To repeat I want to clarify:

silvestropomestetrapak commented 4 months ago

@vipeller Sorry for a late reply. I'm a @sejonssonr colleague. I'll answer point by point:

  • the problem is that edgeHub does not restart - but the attached logs show it restarting (and accept connections, at least from that single module "dispatcher"

You can see that edgeHub logs stops at 12:08:51, after one last attempt to start without connectivity. You can also see in the edgeAgent logs, it stop trying to restart the edgeHub module at 12:10:14, after this error: Error getting edge agent twin from IoTHub From 12:08:51 on, the edgeHub remained stopped.

  • the problem is that messages sent during the offline session get lost
  • some other problem I missed (e.g. there are multiple modules and those cannot connect)

Messages get lost when edgeHub is down, of course, but the other important issue is that all IoTEdge downstream devices (nested child device) fail to start when the edgeHub on the parent device is down. We expect from a child device to be able to start the IoTEdge services even when the edgeHub on the parent device is not available.

It looks like, in this case, the Identity Service on child devices fails indefinitely. It's stuck on a restart loop.
This is from a child device in the same situation: image

We restored the system by manually restarting edgeHub on the parent once the connectivity has been restored. This made identity service on all child devices start again.

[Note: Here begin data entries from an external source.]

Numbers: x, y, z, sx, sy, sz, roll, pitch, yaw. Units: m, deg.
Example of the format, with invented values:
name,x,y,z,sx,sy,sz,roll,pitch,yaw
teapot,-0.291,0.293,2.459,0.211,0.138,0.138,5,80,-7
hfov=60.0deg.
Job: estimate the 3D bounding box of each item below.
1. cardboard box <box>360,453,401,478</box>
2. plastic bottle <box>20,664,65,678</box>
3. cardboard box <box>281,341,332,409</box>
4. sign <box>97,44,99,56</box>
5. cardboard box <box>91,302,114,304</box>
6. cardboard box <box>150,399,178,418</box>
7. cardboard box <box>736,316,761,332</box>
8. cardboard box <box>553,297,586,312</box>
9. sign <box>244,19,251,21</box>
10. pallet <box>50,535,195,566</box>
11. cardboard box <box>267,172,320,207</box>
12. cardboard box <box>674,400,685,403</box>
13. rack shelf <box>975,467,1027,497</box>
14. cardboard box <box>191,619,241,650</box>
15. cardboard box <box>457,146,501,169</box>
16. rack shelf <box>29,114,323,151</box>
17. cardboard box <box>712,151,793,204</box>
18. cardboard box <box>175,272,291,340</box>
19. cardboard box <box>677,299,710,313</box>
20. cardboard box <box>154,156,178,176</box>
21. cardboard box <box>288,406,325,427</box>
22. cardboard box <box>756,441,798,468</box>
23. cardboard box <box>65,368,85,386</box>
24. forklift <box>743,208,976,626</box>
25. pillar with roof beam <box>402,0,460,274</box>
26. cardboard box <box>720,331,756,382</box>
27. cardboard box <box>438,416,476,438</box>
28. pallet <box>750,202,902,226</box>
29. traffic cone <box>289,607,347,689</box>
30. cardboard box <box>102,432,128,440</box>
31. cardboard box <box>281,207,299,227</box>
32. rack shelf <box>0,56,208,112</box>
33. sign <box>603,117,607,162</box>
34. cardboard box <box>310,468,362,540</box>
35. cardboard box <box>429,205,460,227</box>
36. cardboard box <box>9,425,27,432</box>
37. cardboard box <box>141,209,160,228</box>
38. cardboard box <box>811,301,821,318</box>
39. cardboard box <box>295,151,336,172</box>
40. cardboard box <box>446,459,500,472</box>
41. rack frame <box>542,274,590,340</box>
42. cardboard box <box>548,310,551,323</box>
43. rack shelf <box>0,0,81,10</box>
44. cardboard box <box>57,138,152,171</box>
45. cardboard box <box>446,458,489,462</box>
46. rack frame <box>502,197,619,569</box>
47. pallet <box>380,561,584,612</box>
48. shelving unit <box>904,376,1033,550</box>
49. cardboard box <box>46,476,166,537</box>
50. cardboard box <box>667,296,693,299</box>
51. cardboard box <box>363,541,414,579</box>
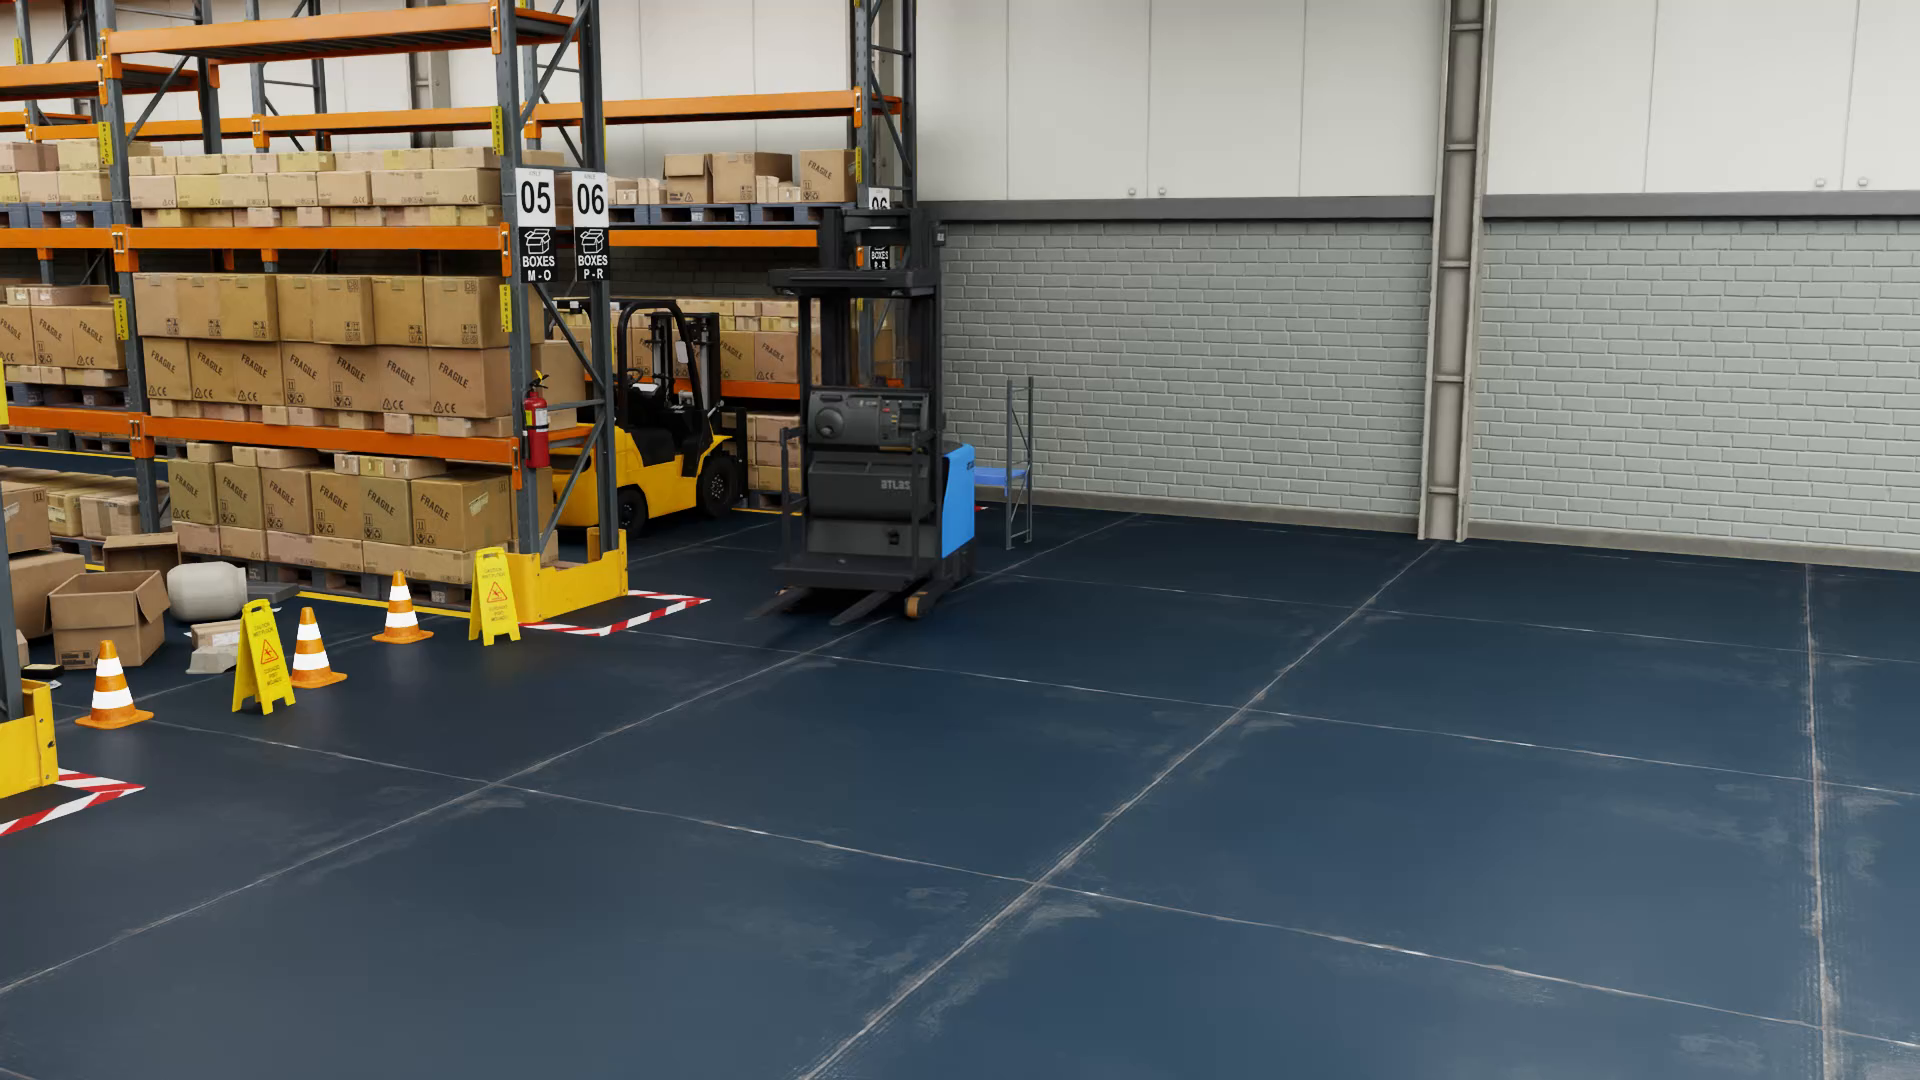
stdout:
name,x,y,z,sx,sy,sz,roll,pitch,yaw
cardboard box,-4.316,-0.577,12.610,0.250,0.149,0.380,5,12,27
plastic bottle,-5.820,0.827,10.487,0.283,0.061,0.133,1,10,6
cardboard box,-4.848,-1.293,12.834,0.500,0.500,0.500,5,11,26
sign,-11.227,-6.293,21.663,0.005,0.325,0.100,5,11,26
cardboard box,-7.666,-1.856,14.767,0.500,0.500,0.500,5,11,25
cardboard box,-6.345,-1.091,13.539,0.250,0.149,0.380,5,11,26
cardboard box,-2.066,-2.200,16.859,0.250,0.149,0.380,5,11,24
cardboard box,-4.139,-2.526,17.825,0.250,0.149,0.380,5,12,27
sign,-8.112,-5.762,18.953,0.005,0.325,0.100,5,11,26
pallet,-7.185,0.021,14.523,1.213,0.211,1.003,5,11,26
cardboard box,-4.849,-2.640,12.560,0.500,0.250,0.500,5,11,26
cardboard box,-3.305,-1.384,18.187,0.500,0.250,0.500,5,11,25
rack shelf,0.076,-0.554,15.092,1.000,0.185,0.538,5,11,26
cardboard box,-4.967,0.647,11.237,0.380,0.149,0.250,-7,12,-33
cardboard box,-3.333,-2.699,11.767,0.250,0.149,0.380,5,11,26
rack shelf,-9.674,-4.957,20.497,4.000,0.370,1.077,5,11,26
cardboard box,-2.085,-3.642,16.767,0.500,0.500,0.700,5,11,26
cardboard box,-5.739,-1.865,13.188,0.500,0.500,0.700,5,11,26
cardboard box,-2.717,-2.420,17.242,0.250,0.149,0.380,5,11,26
cardboard box,-6.102,-2.942,13.109,0.250,0.149,0.380,5,12,28
cardboard box,-4.964,-0.973,12.889,0.250,0.149,0.380,5,11,26
cardboard box,-1.726,-0.898,16.904,0.500,0.250,0.500,5,11,25
cardboard box,-7.298,-1.393,14.033,0.250,0.149,0.380,5,11,24
forklift,-0.735,-0.943,12.212,1.130,2.935,3.031,3,11,14
pillar with roof beam,-8.217,-4.704,15.955,0.400,9.000,9.100,5,11,26
cardboard box,-2.184,-1.897,17.008,0.500,0.500,0.500,5,11,25
cardboard box,-3.605,-0.849,12.205,0.250,0.149,0.380,5,11,25
pallet,-1.329,-3.261,16.649,1.213,0.211,1.003,5,11,26
traffic cone,-4.042,0.649,10.343,0.334,0.463,0.336,5,11,26
cardboard box,-10.651,-1.576,21.355,0.500,0.500,0.500,5,11,25
cardboard box,-4.930,-2.457,12.667,0.250,0.149,0.380,5,11,26
rack shelf,-8.280,-3.849,14.374,4.000,0.370,1.077,5,11,26
sign,-2.659,-2.968,12.330,0.005,0.325,0.100,5,11,26
cardboard box,-4.652,-0.301,12.905,0.500,0.500,0.500,5,11,24
cardboard box,-3.580,-2.325,11.939,0.250,0.149,0.380,5,11,26
cardboard box,-12.417,-1.600,22.147,0.258,0.266,0.396,5,12,28
cardboard box,-6.313,-2.578,13.337,0.250,0.149,0.380,5,11,25
cardboard box,-1.355,-2.292,16.534,0.250,0.149,0.380,5,11,26
cardboard box,-4.723,-2.815,12.405,0.250,0.149,0.380,5,12,27
cardboard box,-3.992,-0.348,13.165,0.500,0.500,0.500,5,11,24
rack frame,-4.293,-2.083,18.319,0.127,3.000,1.000,5,11,26
cardboard box,-4.698,-2.443,18.205,0.250,0.149,0.380,5,12,28
rack shelf,-13.261,-7.105,21.907,4.000,0.370,1.077,5,11,26
cardboard box,-7.062,-3.171,13.742,0.500,0.250,0.500,5,12,27
cardboard box,-5.458,-1.223,19.055,0.625,0.625,0.875,5,11,25
rack frame,-2.899,-0.975,12.196,0.127,3.000,1.000,5,11,26
pallet,-3.680,0.321,12.862,1.213,0.211,1.003,5,11,26
shelving unit,0.076,-0.731,15.059,1.048,1.500,0.538,5,11,26
cardboard box,-7.604,-0.301,14.670,0.625,0.372,0.950,6,12,29
cardboard box,-2.947,-2.543,17.920,0.250,0.149,0.380,5,11,25
cardboard box,-4.204,0.108,12.750,0.500,0.250,0.500,5,11,26

Lazer91 commented 3 months ago

Hi, is there any news on this?

bishal41 commented 3 months ago

@vipeller any update on this one ?

sejonssonr commented 2 months ago

Any updates?

jlian commented 1 week ago

Hey folks we are looking into prioritizing a fix. Currently we think it might be on SDK side. The hypothesis is that when edgeAgent is offline, then it makes a call (into the SDK) that get stuck (never returns), and because of that it stops restarting stopped modules. And because edgeHub stops to renew its cert, it stays stopped. But we still need to find some bandwidth on the team to get an isolated repro. Will update soon.